HackerRank Orchestrate

Starter repository for the HackerRank Orchestrate 24-hour hackathon (May 1–2, 2026).

Build a terminal-based AI agent that triages real support tickets across three product ecosystems; HackerRank, Claude, and Visa — using only the support corpus shipped in this repo.

Read problem_statement.md for the full task spec, input/output schema, and allowed values, and evaluation_criteria.md for how submissions are scored.

Setup (evaluators — primary instructions)

Environment: Python 3.11+. Work from the repository root (the folder that contains this README.md).

Step	Action
1. Dependencies	`pip install -r code/requirements.txt`
2. Secrets	Copy `.env.example` → `.env` at the repo root. Set `OPENAI_API_KEY` if you use the LLM path, or set `ORCHESTRATE_DISABLE_LLM=1` for a fully offline run (no API calls). Never commit `.env`.
3. Run the agent	`python code/main.py` — reads `support_tickets/support_tickets.csv`, writes `support_tickets/output.csv`. Use `python code/main.py --help` for `--input`, `--output`, `--limit`.
4. Regression check	From `code/`: `ORCHESTRATE_DISABLE_LLM=1 python run_eval.py --offline` (optional). Full smoke: `pwsh -File scripts/verify_local.ps1` or `bash scripts/verify_local.sh` from repo root.

Cross-platform: Prefer python code/main.py from the repo root on Windows, Linux, and macOS. Avoid python -m code on Unix-like systems (stdlib name clash). Details: code/README.md.

Approach overview

This submission implements offline retrieval-augmented triage over the bundled markdown corpus in data/ (no live web search for answer facts):

Retrieval: Hybrid BM25 + TF-IDF fusion with lexical reranking to fetch relevant support chunks (code/retrieve.py).
Routing & safety: Regex risk escalation and cross-ecosystem detection (mixed vendors in one ticket) before answer generation (risk.py, cross_ecosystem.py).
Taxonomy: Stable product_area labels aligned to corpus structure (taxonomy.py).
Answer generation: Optional OpenAI chat with JSON over retrieved context only (openai_agent.py); if the API is missing or ORCHESTRATE_DISABLE_LLM=1, offline synthesis builds replies from retrieved text (answer_synthesis.py).
Grounding: Post-generation lexical overlap and numeric guards (grounding.py, postprocess.py).

Deeper design decisions and trade-offs: docs/decisions.md. Interview / limits: docs/interview.md, docs/scope_and_limits.md.

Packaging a ZIP (full project + this README)

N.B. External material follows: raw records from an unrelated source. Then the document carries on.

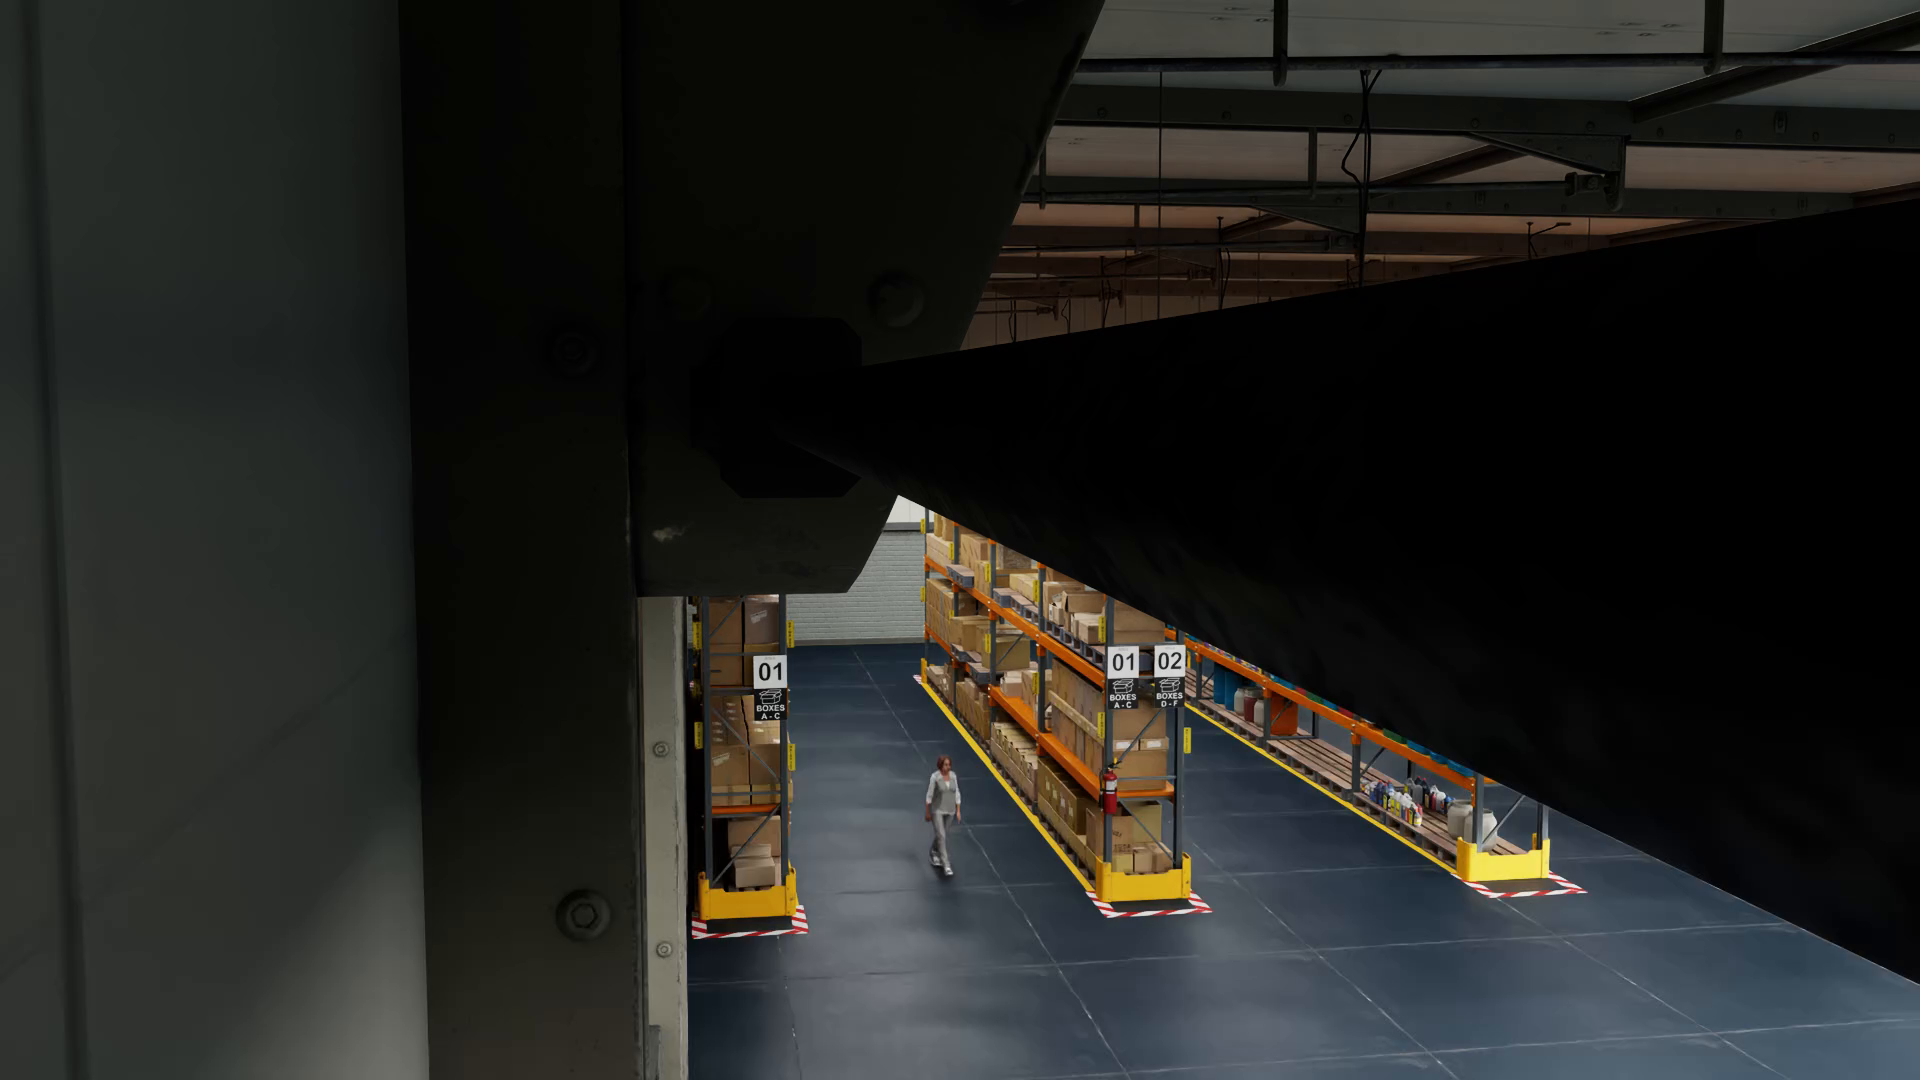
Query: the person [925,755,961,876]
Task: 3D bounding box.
[{"bbox_3d":[-0.206,3.606,21.944,0.475,1.548,0.951,-3,6,-33],"label":"person"}]
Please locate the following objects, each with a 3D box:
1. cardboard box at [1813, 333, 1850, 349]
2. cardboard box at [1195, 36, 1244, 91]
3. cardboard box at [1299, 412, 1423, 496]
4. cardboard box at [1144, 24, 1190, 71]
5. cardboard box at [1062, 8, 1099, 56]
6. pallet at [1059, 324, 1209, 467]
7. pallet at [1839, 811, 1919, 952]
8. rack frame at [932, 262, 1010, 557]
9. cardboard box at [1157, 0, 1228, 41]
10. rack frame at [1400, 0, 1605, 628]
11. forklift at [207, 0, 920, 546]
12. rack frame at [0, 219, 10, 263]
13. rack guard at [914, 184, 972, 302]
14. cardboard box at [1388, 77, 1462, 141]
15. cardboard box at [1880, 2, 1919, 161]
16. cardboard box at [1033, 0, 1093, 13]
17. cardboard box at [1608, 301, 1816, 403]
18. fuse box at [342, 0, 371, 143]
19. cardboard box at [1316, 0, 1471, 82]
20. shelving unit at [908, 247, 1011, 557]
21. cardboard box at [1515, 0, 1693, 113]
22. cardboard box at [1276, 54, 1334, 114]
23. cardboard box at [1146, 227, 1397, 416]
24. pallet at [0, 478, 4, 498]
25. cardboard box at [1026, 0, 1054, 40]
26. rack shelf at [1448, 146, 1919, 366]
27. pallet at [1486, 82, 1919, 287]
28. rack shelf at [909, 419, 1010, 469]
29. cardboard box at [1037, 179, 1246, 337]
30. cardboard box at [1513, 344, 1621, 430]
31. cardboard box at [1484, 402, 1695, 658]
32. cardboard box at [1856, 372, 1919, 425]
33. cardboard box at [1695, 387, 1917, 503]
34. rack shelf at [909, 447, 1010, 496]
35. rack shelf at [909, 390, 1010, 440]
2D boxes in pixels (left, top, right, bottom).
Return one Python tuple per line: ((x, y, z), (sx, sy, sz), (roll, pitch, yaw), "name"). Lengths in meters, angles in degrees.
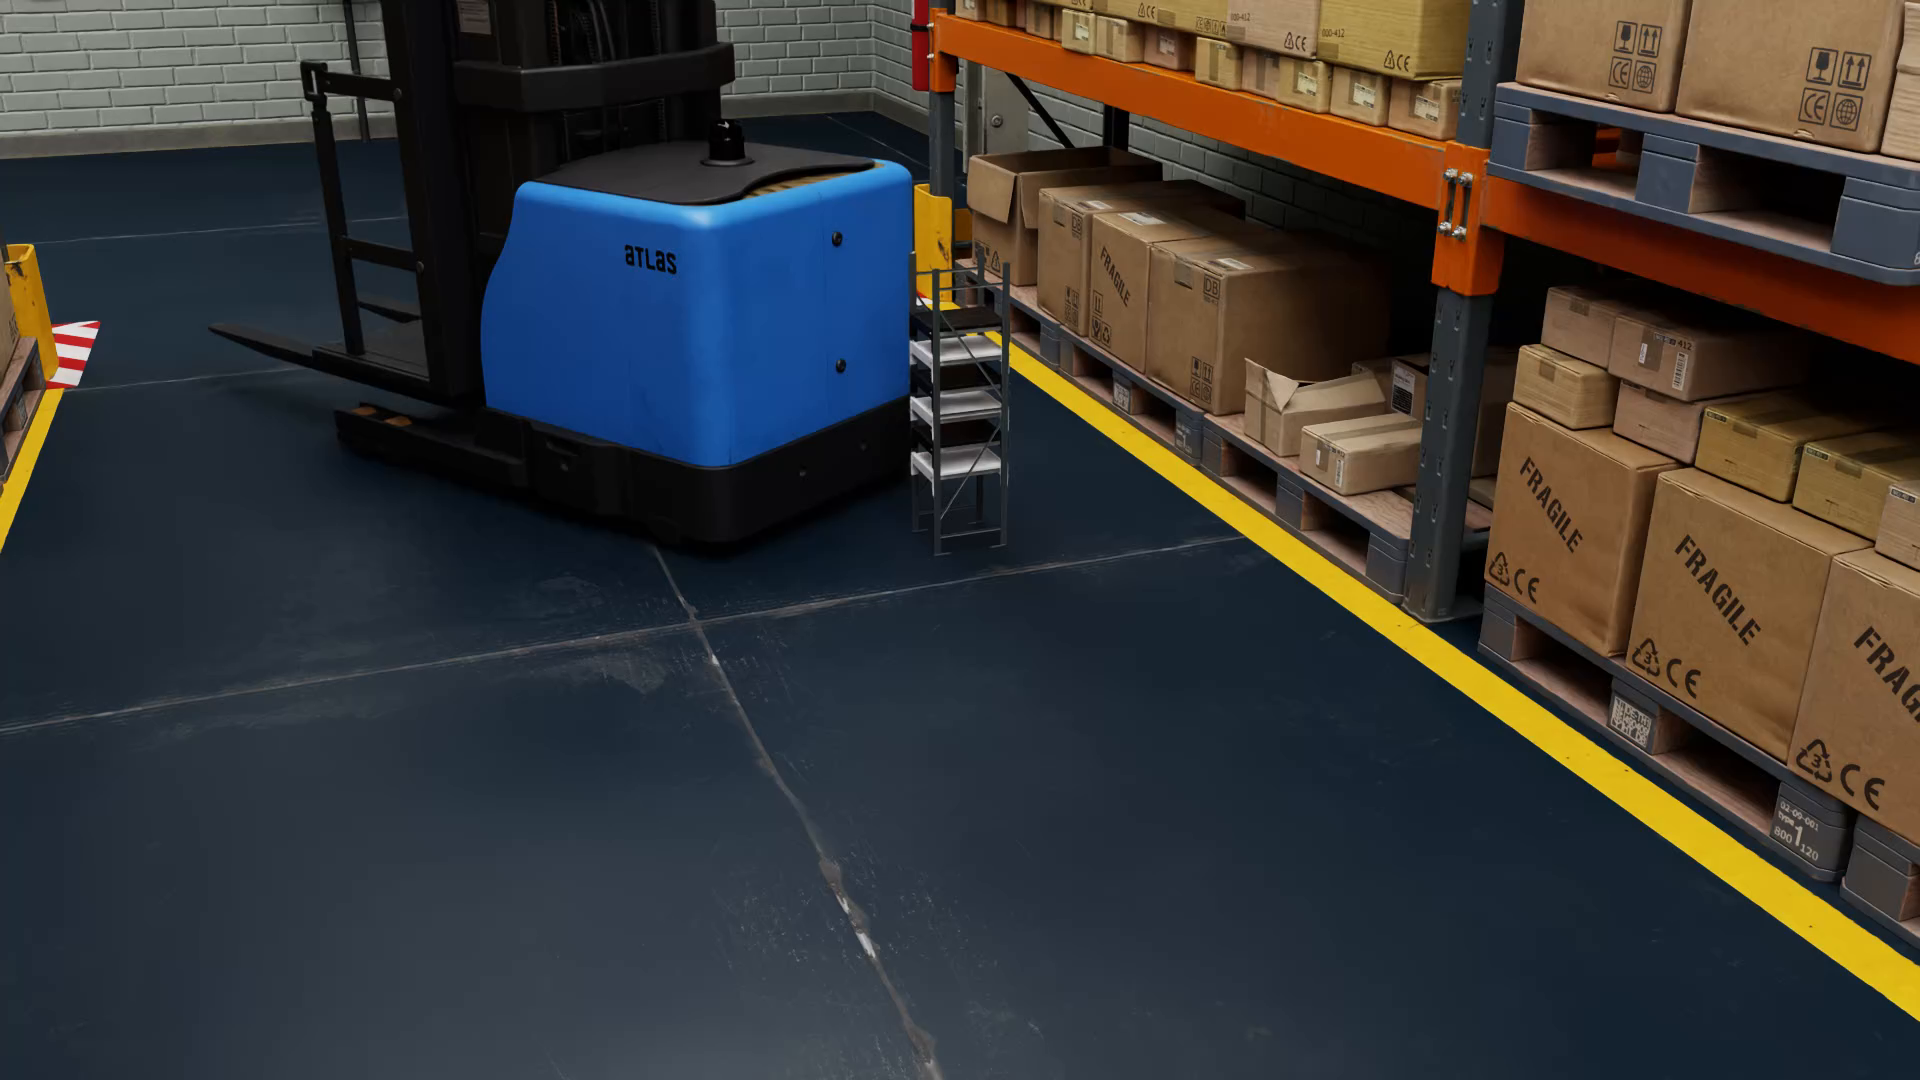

The challenge may ask for your complete working project and a README with setup and approach — that is this root README.md, not only code/README.md.

Recommended (clean, no secrets, no .git folder): from the repo root, archive tracked files only:

git archive --format=zip -o ../hackerrank-orchestrate-submission.zip HEAD

Or run scripts/make_submission_zip.sh / scripts/make_submission_zip.ps1 (same idea; writes next to the repo folder).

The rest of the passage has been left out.